Data shown –
..............................

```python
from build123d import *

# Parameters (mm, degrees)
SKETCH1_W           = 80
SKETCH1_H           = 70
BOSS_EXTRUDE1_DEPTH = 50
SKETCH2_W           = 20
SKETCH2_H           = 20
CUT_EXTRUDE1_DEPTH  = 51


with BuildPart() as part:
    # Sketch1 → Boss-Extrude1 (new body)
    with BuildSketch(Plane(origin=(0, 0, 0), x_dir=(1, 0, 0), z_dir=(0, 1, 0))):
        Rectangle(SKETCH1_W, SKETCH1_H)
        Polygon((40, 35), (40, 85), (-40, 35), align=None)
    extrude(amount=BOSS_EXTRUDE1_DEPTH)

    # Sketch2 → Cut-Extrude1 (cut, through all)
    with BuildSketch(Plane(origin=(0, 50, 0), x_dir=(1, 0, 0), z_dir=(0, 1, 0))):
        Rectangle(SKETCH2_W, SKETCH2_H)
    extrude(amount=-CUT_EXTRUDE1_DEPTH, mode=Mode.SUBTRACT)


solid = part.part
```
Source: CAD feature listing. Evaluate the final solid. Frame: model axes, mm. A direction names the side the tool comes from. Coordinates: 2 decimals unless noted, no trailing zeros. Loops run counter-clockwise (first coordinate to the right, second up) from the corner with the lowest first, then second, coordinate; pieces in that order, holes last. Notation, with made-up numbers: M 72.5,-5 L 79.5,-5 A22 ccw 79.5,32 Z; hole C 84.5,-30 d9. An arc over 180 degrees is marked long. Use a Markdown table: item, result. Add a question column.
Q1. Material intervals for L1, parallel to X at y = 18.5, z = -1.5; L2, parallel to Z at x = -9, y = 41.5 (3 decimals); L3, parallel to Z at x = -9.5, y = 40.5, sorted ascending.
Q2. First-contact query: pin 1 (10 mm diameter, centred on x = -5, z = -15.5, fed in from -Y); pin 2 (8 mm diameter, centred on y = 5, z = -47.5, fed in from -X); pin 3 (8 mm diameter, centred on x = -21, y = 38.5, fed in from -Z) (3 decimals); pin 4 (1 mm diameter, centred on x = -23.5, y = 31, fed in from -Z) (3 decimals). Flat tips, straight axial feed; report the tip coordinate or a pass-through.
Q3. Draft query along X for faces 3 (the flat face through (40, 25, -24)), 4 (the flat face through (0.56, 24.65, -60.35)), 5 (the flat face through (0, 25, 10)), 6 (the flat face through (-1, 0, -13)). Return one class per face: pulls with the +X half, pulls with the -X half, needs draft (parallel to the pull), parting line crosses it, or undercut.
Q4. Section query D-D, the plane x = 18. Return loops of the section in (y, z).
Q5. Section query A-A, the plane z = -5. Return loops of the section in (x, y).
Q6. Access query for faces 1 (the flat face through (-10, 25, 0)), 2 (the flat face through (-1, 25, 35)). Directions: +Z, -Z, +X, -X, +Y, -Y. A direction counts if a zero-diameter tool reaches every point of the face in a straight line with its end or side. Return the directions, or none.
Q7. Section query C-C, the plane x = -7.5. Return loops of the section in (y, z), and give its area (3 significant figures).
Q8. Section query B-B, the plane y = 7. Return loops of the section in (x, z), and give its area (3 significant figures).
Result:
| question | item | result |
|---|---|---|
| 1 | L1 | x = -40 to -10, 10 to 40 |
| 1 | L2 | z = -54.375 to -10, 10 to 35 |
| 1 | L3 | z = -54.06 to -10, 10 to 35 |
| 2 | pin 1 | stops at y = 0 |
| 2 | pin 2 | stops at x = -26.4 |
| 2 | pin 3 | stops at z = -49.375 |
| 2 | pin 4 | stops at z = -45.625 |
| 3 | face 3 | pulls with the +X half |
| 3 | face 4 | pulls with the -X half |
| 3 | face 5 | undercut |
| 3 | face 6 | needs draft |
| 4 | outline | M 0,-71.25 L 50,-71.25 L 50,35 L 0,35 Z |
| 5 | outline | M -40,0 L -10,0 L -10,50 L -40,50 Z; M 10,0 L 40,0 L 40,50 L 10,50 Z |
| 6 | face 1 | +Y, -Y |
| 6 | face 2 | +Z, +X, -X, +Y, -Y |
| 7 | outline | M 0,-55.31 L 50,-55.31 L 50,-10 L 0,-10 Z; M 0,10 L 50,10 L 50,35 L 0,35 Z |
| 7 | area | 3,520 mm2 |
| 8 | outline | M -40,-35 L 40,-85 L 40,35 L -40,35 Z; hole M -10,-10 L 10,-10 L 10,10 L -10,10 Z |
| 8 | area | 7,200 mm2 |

..............................

Exercise objective –
In the entries, some lines may contain the word "through". Give how many do, as a number by itself.

Answer to the exercise –
4